CSMD1 Mutations Are Associated with Increased Mutational Burden, Favorable Prognosis, and Anti-Tumor Immunity in Gastric Cancer

Genes 2021, 12(11), 1715; https://doi.org/10.3390/genes12111715
by Taobi Huang 1,2,3, Yuan Liang 1,2,3, Huiyun Zhang 1,2,3, Xia Chen 1,2,3, Hui Wei 1,2,3, Weiming Sun 4 and Yuping Wang 2,3,*
Reviewer 1: Anonymous
Reviewer 2: Anonymous
Reviewer 3: Anonymous
Genes 2021, 12(11), 1715; https://doi.org/10.3390/genes12111715
Submission received: 14 October 2021 / Revised: 24 October 2021 / Accepted: 26 October 2021 / Published: 28 October 2021
(This article belongs to the Section Molecular Genetics and Genomics)

Round 1

Reviewer 1 Report

Huang et al. investigated the association between CSMD1 mutations and mutational burden in gastric cancer and their potential utility as predictors of therapeutic efficacy of immunotherapy.
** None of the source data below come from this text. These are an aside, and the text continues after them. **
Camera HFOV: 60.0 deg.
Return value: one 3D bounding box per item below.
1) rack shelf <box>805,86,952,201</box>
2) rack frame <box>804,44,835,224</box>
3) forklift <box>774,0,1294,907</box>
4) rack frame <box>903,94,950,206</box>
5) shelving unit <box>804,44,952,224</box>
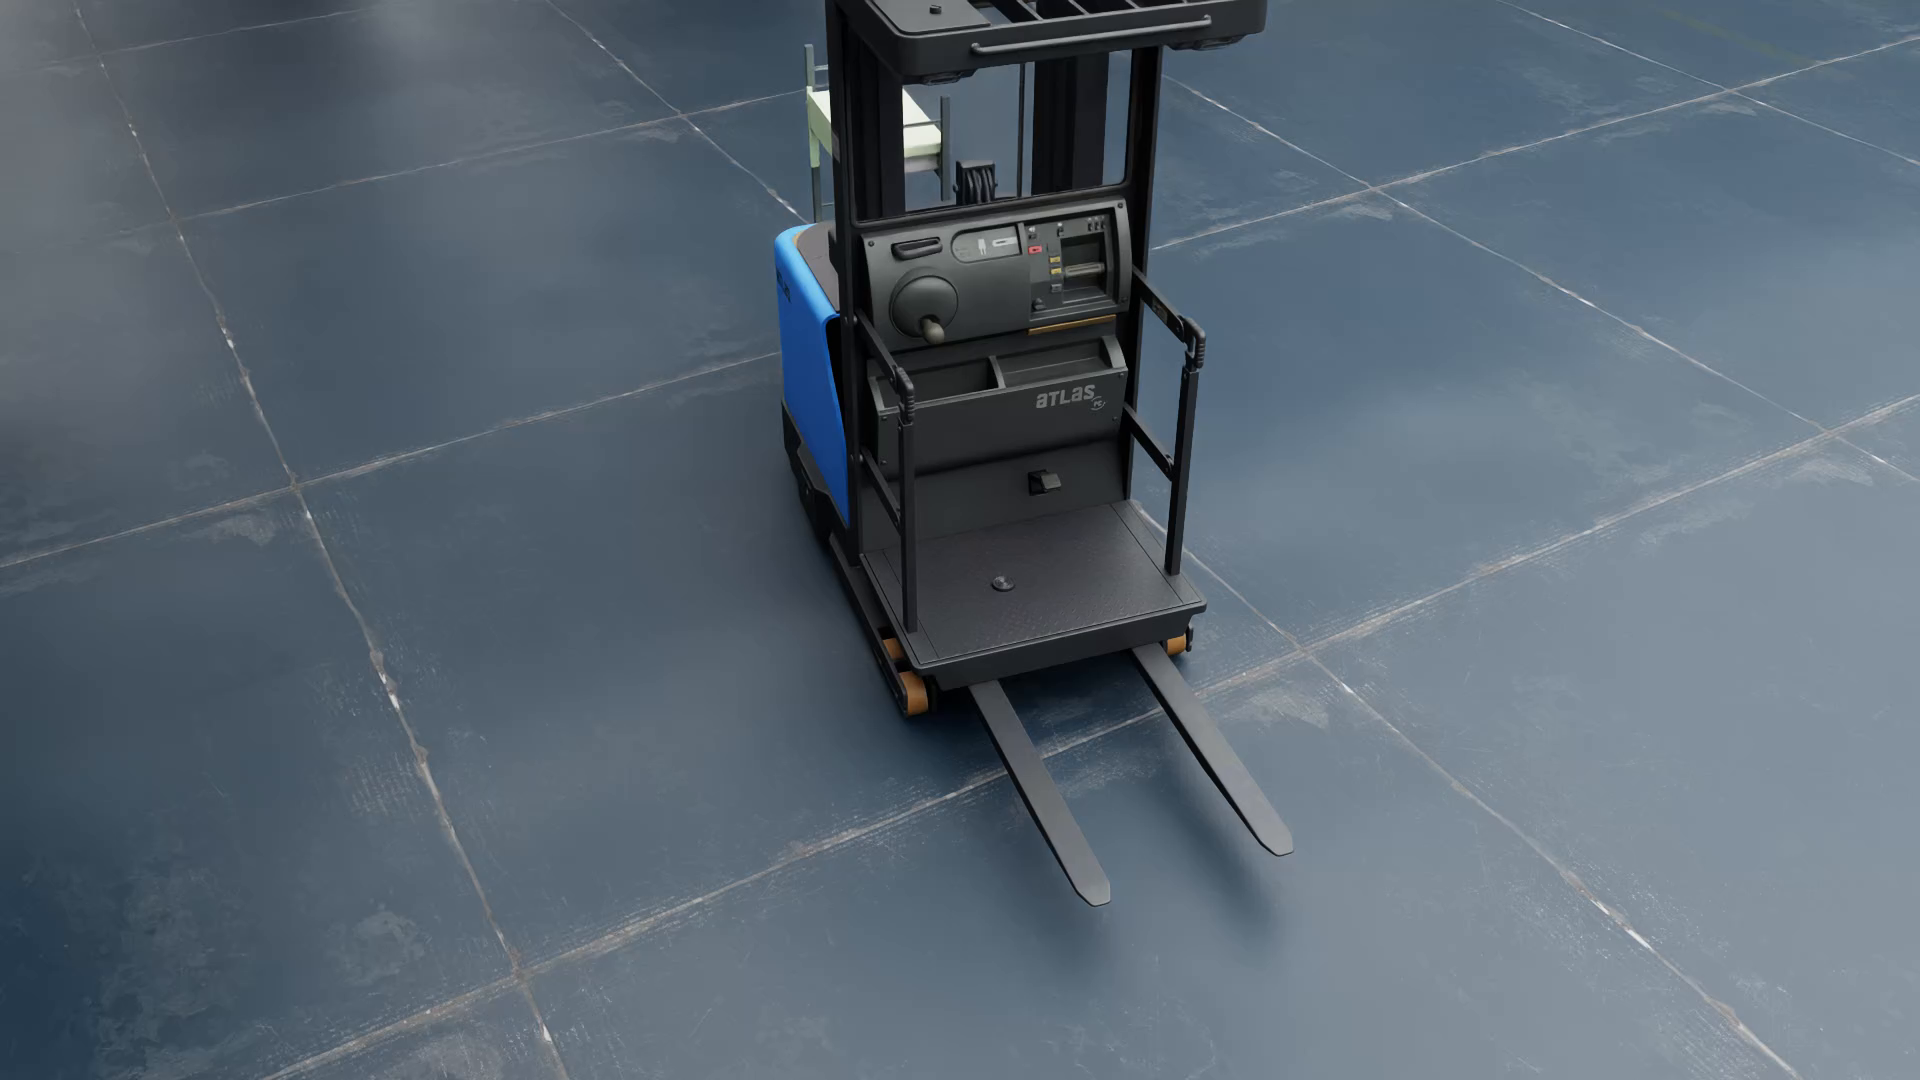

The authors mined publicly available datasets of gastric cancer on TCGA and ICGC databases to identify the most commonly mutated genes. Of these, they focused their analysis on CSMD1 mutations that correlated with a better prognosis in gastric cancer. They found that CSMD1-mutated gastric cancer samples displayed enrichment of immune signaling pathways. Overall, the paper provides a correlative analysis of CSMD1 mutations and the associated genetic and prognostic changes in gastric cancer. I believe the paper would benefit from these comments:

Major comments

  1. The title does not reflect the findings of the study. The paper did not analyze the correlation between CSMD1 mutations and response to PD-1/PD-L1 immune checkpoint inhibitors, and the analysis was confined to the prognosis regardless of the therapeutic modality. Further analysis will be needed to confirm that these mutations could serve as predictors of response. Thus, I suggest changing the title to:

CSMD1 mutations are associated with increased mutational burden, favorable prognosis, and enrichment of immune signaling pathways in gastric cancer”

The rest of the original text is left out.